WHAT IS BEING ASKED
Pick out all lines with the word "link" from the records that follow.

INPUT START

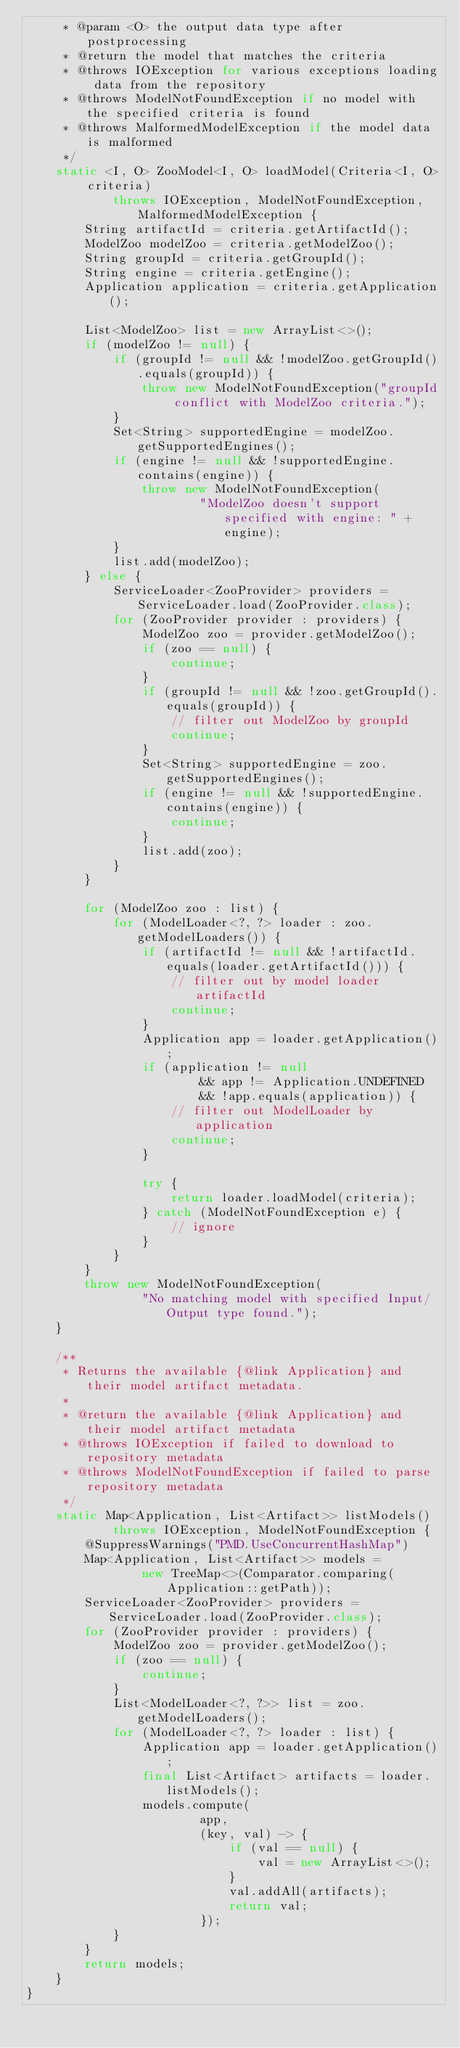<code> <loc_0><loc_0><loc_500><loc_500><_Java_>     * @param <O> the output data type after postprocessing
     * @return the model that matches the criteria
     * @throws IOException for various exceptions loading data from the repository
     * @throws ModelNotFoundException if no model with the specified criteria is found
     * @throws MalformedModelException if the model data is malformed
     */
    static <I, O> ZooModel<I, O> loadModel(Criteria<I, O> criteria)
            throws IOException, ModelNotFoundException, MalformedModelException {
        String artifactId = criteria.getArtifactId();
        ModelZoo modelZoo = criteria.getModelZoo();
        String groupId = criteria.getGroupId();
        String engine = criteria.getEngine();
        Application application = criteria.getApplication();

        List<ModelZoo> list = new ArrayList<>();
        if (modelZoo != null) {
            if (groupId != null && !modelZoo.getGroupId().equals(groupId)) {
                throw new ModelNotFoundException("groupId conflict with ModelZoo criteria.");
            }
            Set<String> supportedEngine = modelZoo.getSupportedEngines();
            if (engine != null && !supportedEngine.contains(engine)) {
                throw new ModelNotFoundException(
                        "ModelZoo doesn't support specified with engine: " + engine);
            }
            list.add(modelZoo);
        } else {
            ServiceLoader<ZooProvider> providers = ServiceLoader.load(ZooProvider.class);
            for (ZooProvider provider : providers) {
                ModelZoo zoo = provider.getModelZoo();
                if (zoo == null) {
                    continue;
                }
                if (groupId != null && !zoo.getGroupId().equals(groupId)) {
                    // filter out ModelZoo by groupId
                    continue;
                }
                Set<String> supportedEngine = zoo.getSupportedEngines();
                if (engine != null && !supportedEngine.contains(engine)) {
                    continue;
                }
                list.add(zoo);
            }
        }

        for (ModelZoo zoo : list) {
            for (ModelLoader<?, ?> loader : zoo.getModelLoaders()) {
                if (artifactId != null && !artifactId.equals(loader.getArtifactId())) {
                    // filter out by model loader artifactId
                    continue;
                }
                Application app = loader.getApplication();
                if (application != null
                        && app != Application.UNDEFINED
                        && !app.equals(application)) {
                    // filter out ModelLoader by application
                    continue;
                }

                try {
                    return loader.loadModel(criteria);
                } catch (ModelNotFoundException e) {
                    // ignore
                }
            }
        }
        throw new ModelNotFoundException(
                "No matching model with specified Input/Output type found.");
    }

    /**
     * Returns the available {@link Application} and their model artifact metadata.
     *
     * @return the available {@link Application} and their model artifact metadata
     * @throws IOException if failed to download to repository metadata
     * @throws ModelNotFoundException if failed to parse repository metadata
     */
    static Map<Application, List<Artifact>> listModels()
            throws IOException, ModelNotFoundException {
        @SuppressWarnings("PMD.UseConcurrentHashMap")
        Map<Application, List<Artifact>> models =
                new TreeMap<>(Comparator.comparing(Application::getPath));
        ServiceLoader<ZooProvider> providers = ServiceLoader.load(ZooProvider.class);
        for (ZooProvider provider : providers) {
            ModelZoo zoo = provider.getModelZoo();
            if (zoo == null) {
                continue;
            }
            List<ModelLoader<?, ?>> list = zoo.getModelLoaders();
            for (ModelLoader<?, ?> loader : list) {
                Application app = loader.getApplication();
                final List<Artifact> artifacts = loader.listModels();
                models.compute(
                        app,
                        (key, val) -> {
                            if (val == null) {
                                val = new ArrayList<>();
                            }
                            val.addAll(artifacts);
                            return val;
                        });
            }
        }
        return models;
    }
}
</code>

INPUT END

EXPECTED OUTPUT
     * Returns the available {@link Application} and their model artifact metadata.
     * @return the available {@link Application} and their model artifact metadata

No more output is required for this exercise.